Today, data discovery is a phrase often associated with privacy compliance and data security. These are relatively modern concerns, however; it wasn’t until 1970 that the first privacy law was introduced, by the German state of Hessen. The first national legislation appeared in Sweden in 1973.

NIST, the US cybersecurity authority, was conceived as the “National Bureau of Standards” in 1972 and published security guidelines from the mid 1970s. The information security standards we recognize today were introduced in the late 1990s and early 2000s. BS 7799, later adopted as ISO/IEC 27001, was first published in 1999; PCI DSS v1.0 was released in December 2004.

The broad field of data discovery originated in the 1960s, referred to then as data mining, where statisticians, economists, and financial researchers would analyze data to identify patterns. The practice became more mainstream following the First International Conference on Data Mining and Knowledge Discovery (KDD-95) held in Montreal in 1995 as a field of academic interest and for data visualization and reporting.

In data science, data discovery is the analysis of data to identify trends and patterns. It is preceded by data exploration, which is the process of identifying and understanding data sources. In cybersecurity, data discovery refers to the process of searching for and identifying specific categories of data that need to be managed for security and compliance purposes.

The value of data discovery for data security and privacy compliance gained traction with the introduction of information security standards and frameworks such as BS7799 in 1995 (adopted by ISO as ISO17799 before being merged into the ISO27000 series of standards as ISO27001:2005) and PCI DSS in 2004.

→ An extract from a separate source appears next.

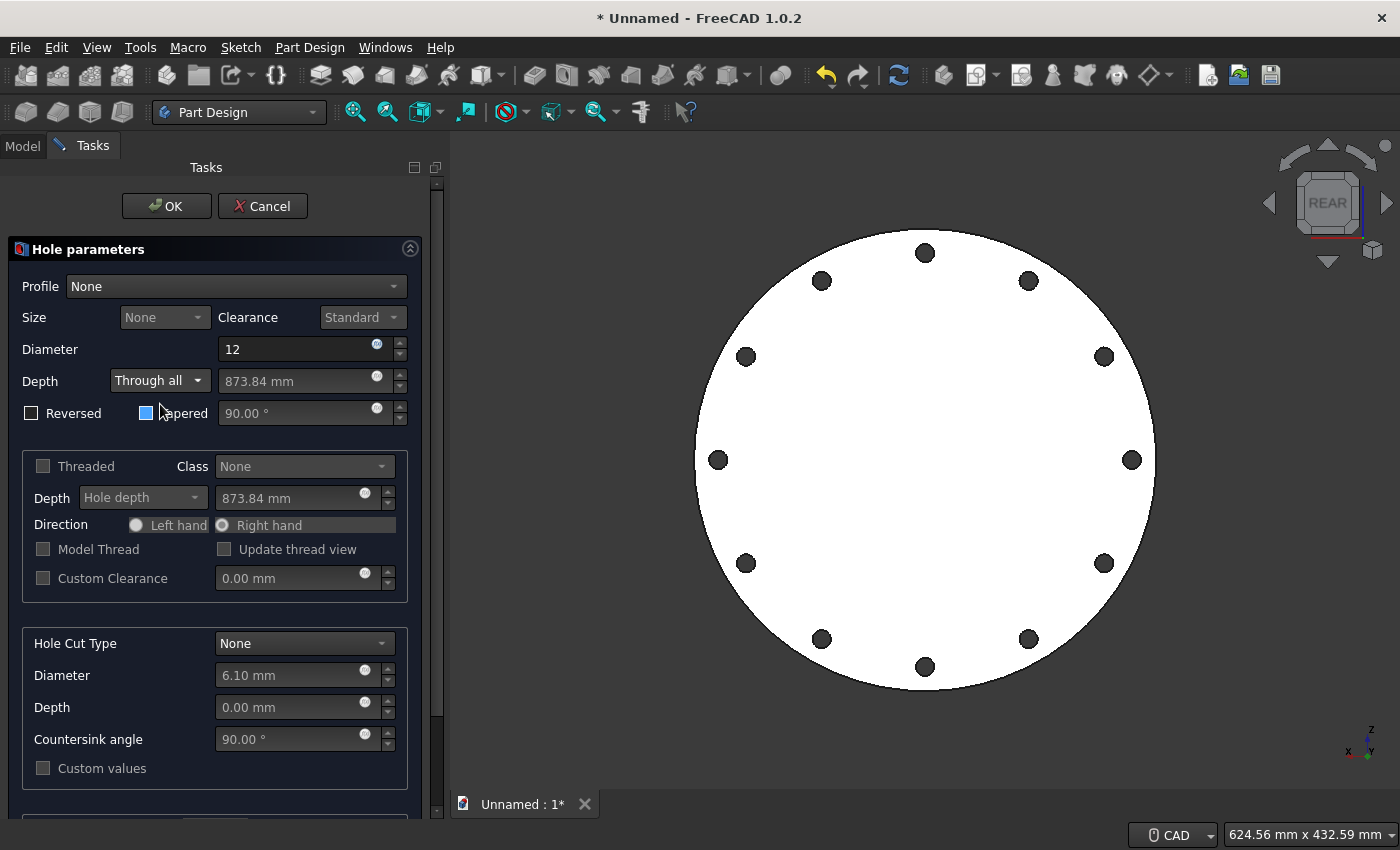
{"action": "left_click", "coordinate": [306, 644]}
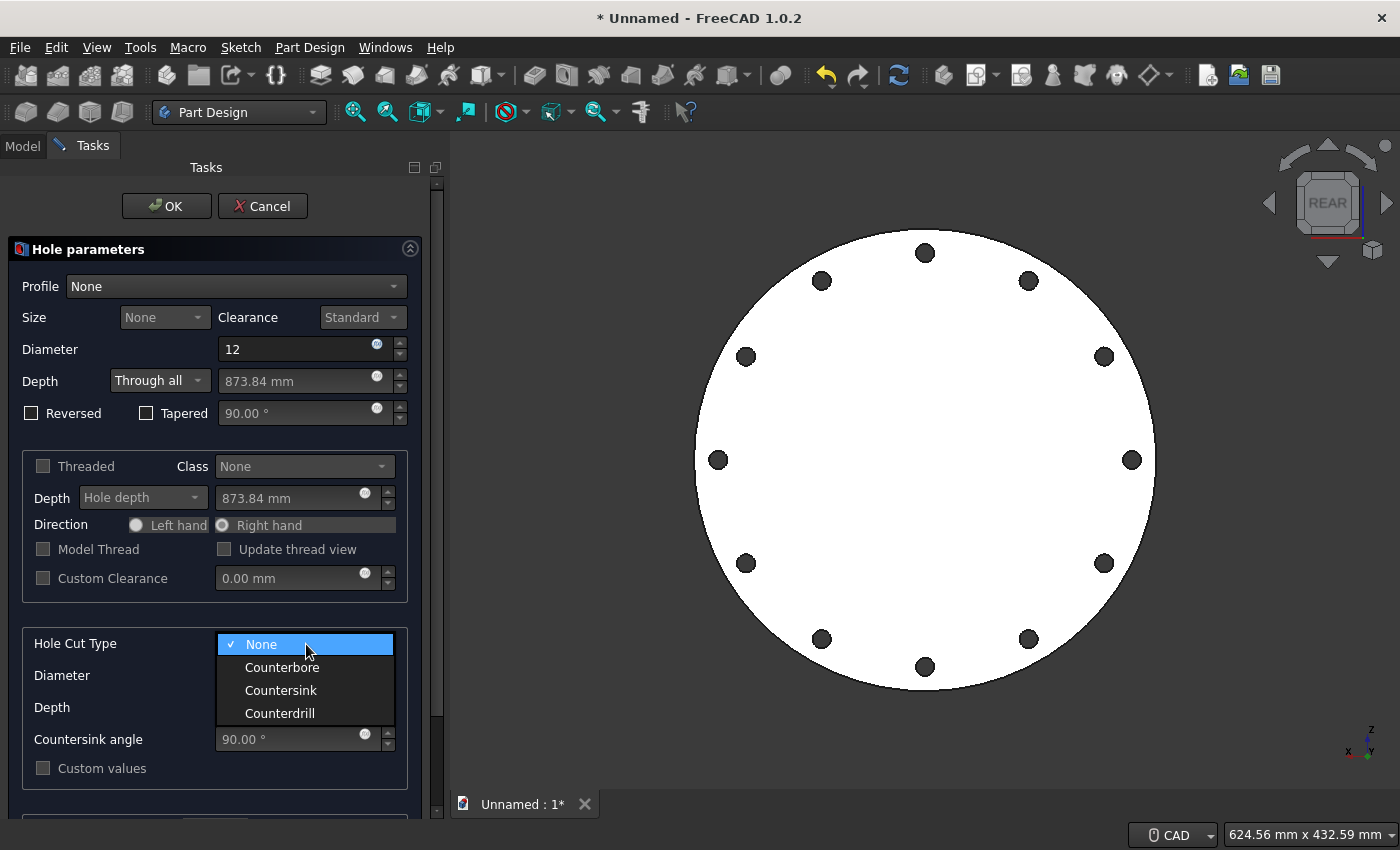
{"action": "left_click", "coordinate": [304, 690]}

Fast forward to 2024, and more than 135 countries worldwide have introduced privacy legislation and regulation, such as the EU General Data Protection Regulation (GDPR), the Australia Privacy Act (APA), the Personal Information Protection and Electronic Documents Act (PIPEDA), and many more – further elevating the importance of data discovery as a fundamental capability for privacy compliance.

Approaches to data discovery

One of the biggest challenges organizations face in managing their data is getting a clear view of the data they have within their business. There are several approaches available to organizations, each with their own pros and cons. To select the most appropriate method, businesses must understand the purpose of the exercise and its objectives.

Data Flow Mapping

Many businesses start the process of data discovery by mapping a data flow diagram. This approach is quick to initiate using existing resources and can achieve basic results in a short period of time.

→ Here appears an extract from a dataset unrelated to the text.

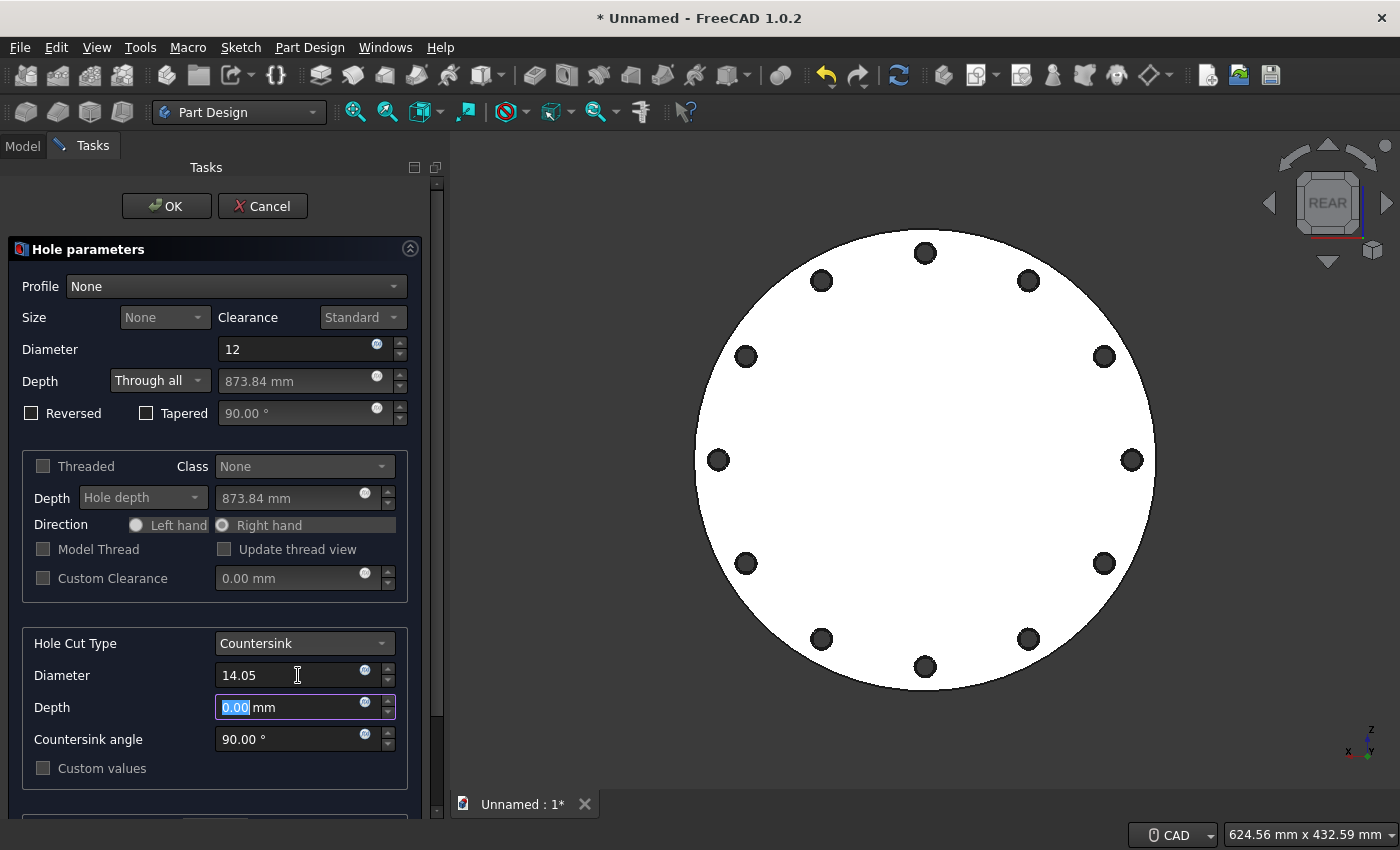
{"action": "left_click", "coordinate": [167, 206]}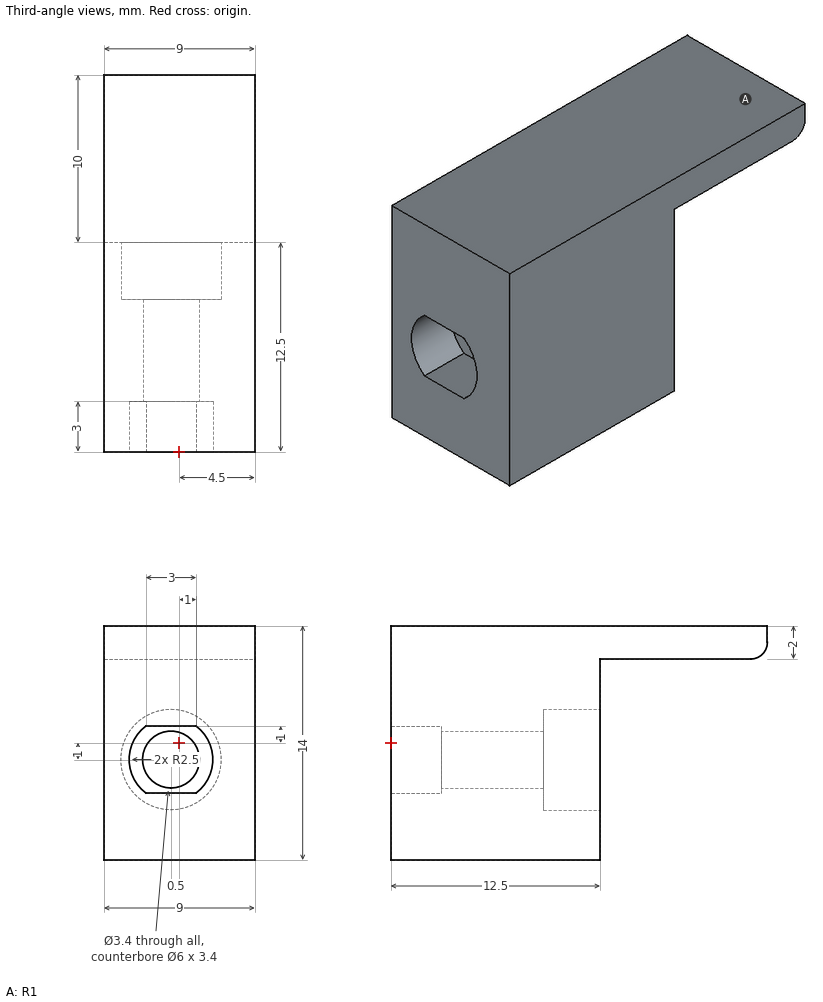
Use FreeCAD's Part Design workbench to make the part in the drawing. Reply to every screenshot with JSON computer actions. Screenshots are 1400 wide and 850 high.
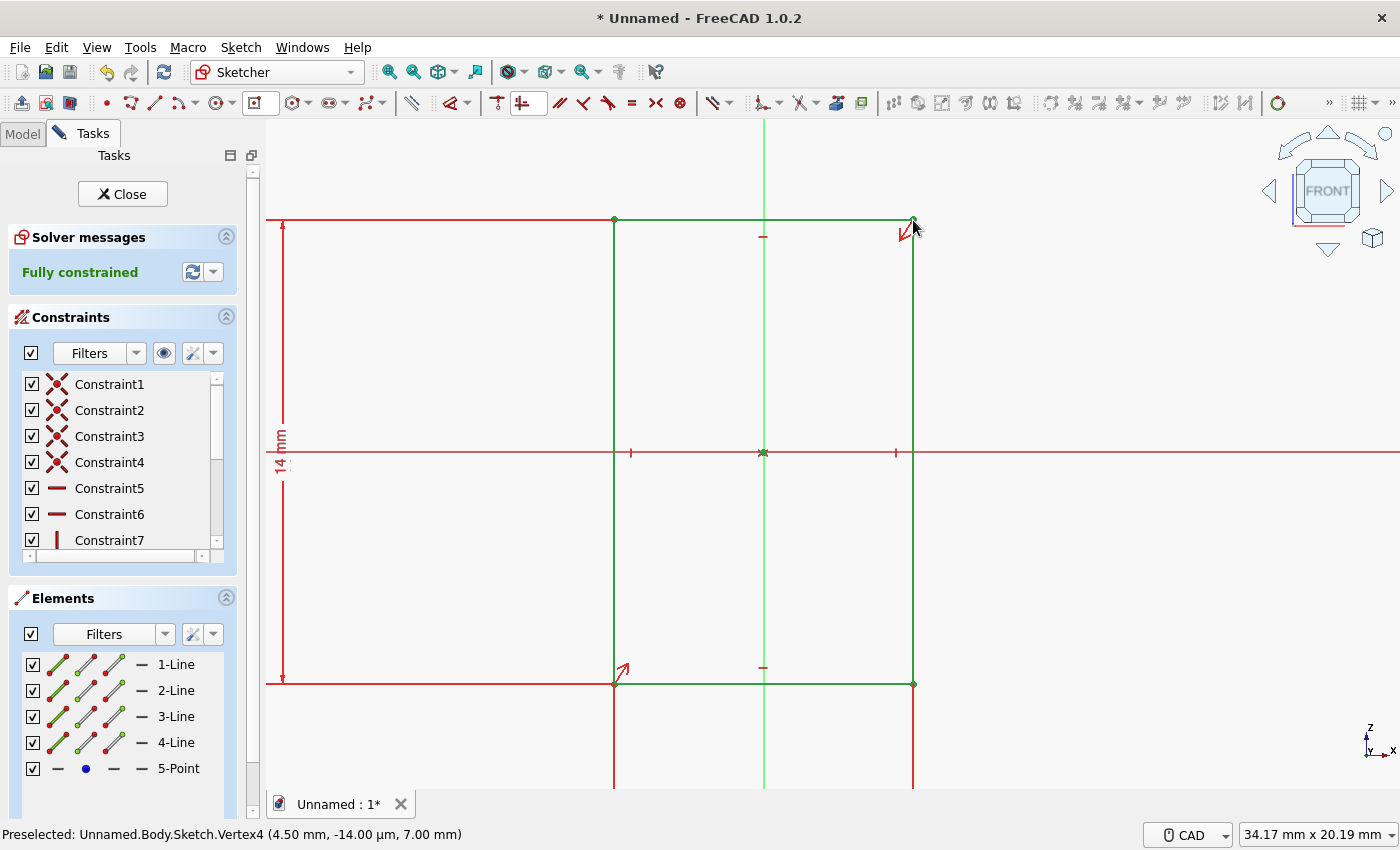
{"action": "left_click", "coordinate": [123, 194]}

Data flow diagrams are useful for identifying the primary systems processing specific types of data. They illustrate the design of processes and how data is intended to move between systems, teams and suppliers. The quality of data flow mappings depends on the knowledge and expertise of personnel, who can describe how processes and systems interact.

However, these diagrams are typically based on formally engineered processes, and assume that there are no deviations from them.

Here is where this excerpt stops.